__Goal of the exercise__.
Every entry in the following data should be output exactly.

__Given entries__.
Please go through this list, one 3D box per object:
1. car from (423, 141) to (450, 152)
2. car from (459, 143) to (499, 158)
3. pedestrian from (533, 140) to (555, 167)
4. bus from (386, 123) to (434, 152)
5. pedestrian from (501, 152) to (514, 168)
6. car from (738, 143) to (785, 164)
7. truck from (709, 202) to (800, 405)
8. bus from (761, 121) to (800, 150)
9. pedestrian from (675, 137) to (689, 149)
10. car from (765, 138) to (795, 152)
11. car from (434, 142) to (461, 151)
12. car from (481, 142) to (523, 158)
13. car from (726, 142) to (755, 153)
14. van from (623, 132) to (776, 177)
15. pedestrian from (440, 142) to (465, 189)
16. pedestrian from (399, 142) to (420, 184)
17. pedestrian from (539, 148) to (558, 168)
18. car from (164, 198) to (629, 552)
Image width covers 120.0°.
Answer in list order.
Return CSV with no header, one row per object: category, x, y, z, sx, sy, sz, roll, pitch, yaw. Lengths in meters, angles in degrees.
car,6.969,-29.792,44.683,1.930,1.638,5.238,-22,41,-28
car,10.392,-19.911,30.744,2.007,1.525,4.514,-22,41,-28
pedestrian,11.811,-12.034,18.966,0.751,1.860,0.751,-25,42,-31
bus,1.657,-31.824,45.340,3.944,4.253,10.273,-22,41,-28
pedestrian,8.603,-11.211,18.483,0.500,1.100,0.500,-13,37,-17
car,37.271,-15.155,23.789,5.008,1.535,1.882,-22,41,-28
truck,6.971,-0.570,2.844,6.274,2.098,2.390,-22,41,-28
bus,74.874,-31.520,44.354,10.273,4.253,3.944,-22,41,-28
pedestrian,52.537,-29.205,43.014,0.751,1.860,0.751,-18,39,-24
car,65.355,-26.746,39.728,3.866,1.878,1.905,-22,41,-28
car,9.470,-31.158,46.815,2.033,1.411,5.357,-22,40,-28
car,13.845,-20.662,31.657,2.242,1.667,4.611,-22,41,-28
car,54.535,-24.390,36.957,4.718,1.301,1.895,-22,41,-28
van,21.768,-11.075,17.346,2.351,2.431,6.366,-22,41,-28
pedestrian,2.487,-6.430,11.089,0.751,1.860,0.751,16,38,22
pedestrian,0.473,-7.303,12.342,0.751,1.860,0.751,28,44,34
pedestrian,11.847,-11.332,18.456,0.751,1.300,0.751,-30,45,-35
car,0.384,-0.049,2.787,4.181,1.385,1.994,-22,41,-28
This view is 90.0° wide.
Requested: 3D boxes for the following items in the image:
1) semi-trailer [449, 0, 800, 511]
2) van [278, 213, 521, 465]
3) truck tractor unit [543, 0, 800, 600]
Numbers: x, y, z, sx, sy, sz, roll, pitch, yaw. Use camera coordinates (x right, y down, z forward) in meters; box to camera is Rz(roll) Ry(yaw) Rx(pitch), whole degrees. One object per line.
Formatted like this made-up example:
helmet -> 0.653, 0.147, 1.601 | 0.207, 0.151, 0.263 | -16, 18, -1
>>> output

__Task output__.
Please go through this list, one 3D box per object:
1. car from (423, 141) to (450, 152)
2. car from (459, 143) to (499, 158)
3. pedestrian from (533, 140) to (555, 167)
4. bus from (386, 123) to (434, 152)
5. pedestrian from (501, 152) to (514, 168)
6. car from (738, 143) to (785, 164)
7. truck from (709, 202) to (800, 405)
8. bus from (761, 121) to (800, 150)
9. pedestrian from (675, 137) to (689, 149)
10. car from (765, 138) to (795, 152)
11. car from (434, 142) to (461, 151)
12. car from (481, 142) to (523, 158)
13. car from (726, 142) to (755, 153)
14. van from (623, 132) to (776, 177)
15. pedestrian from (440, 142) to (465, 189)
16. pedestrian from (399, 142) to (420, 184)
17. pedestrian from (539, 148) to (558, 168)
18. car from (164, 198) to (629, 552)
Image width covers 120.0°.
Answer in list order.
Return CSV with no header, one row per object: category, x, y, z, sx, sy, sz, roll, pitch, yaw. Lengths in meters, angles in degrees.
car,6.969,-29.792,44.683,1.930,1.638,5.238,-22,41,-28
car,10.392,-19.911,30.744,2.007,1.525,4.514,-22,41,-28
pedestrian,11.811,-12.034,18.966,0.751,1.860,0.751,-25,42,-31
bus,1.657,-31.824,45.340,3.944,4.253,10.273,-22,41,-28
pedestrian,8.603,-11.211,18.483,0.500,1.100,0.500,-13,37,-17
car,37.271,-15.155,23.789,5.008,1.535,1.882,-22,41,-28
truck,6.971,-0.570,2.844,6.274,2.098,2.390,-22,41,-28
bus,74.874,-31.520,44.354,10.273,4.253,3.944,-22,41,-28
pedestrian,52.537,-29.205,43.014,0.751,1.860,0.751,-18,39,-24
car,65.355,-26.746,39.728,3.866,1.878,1.905,-22,41,-28
car,9.470,-31.158,46.815,2.033,1.411,5.357,-22,40,-28
car,13.845,-20.662,31.657,2.242,1.667,4.611,-22,41,-28
car,54.535,-24.390,36.957,4.718,1.301,1.895,-22,41,-28
van,21.768,-11.075,17.346,2.351,2.431,6.366,-22,41,-28
pedestrian,2.487,-6.430,11.089,0.751,1.860,0.751,16,38,22
pedestrian,0.473,-7.303,12.342,0.751,1.860,0.751,28,44,34
pedestrian,11.847,-11.332,18.456,0.751,1.300,0.751,-30,45,-35
car,0.384,-0.049,2.787,4.181,1.385,1.994,-22,41,-28
This view is 90.0° wide.
Requested: 3D boxes for the following items in the image:
1) semi-trailer [449, 0, 800, 511]
2) van [278, 213, 521, 465]
3) truck tractor unit [543, 0, 800, 600]
Numbers: x, y, z, sx, sy, sz, roll, pitch, yaw. Use camera coordinates (x right, y down, z forward) in meters; box to camera is Rz(roll) Ry(yaw) Rx(pitch), whole degrees. One object per line.
Formatted like this made-up example:
helmet -> 0.653, 0.147, 1.601 | 0.207, 0.151, 0.263 | -16, 18, -1
>>> output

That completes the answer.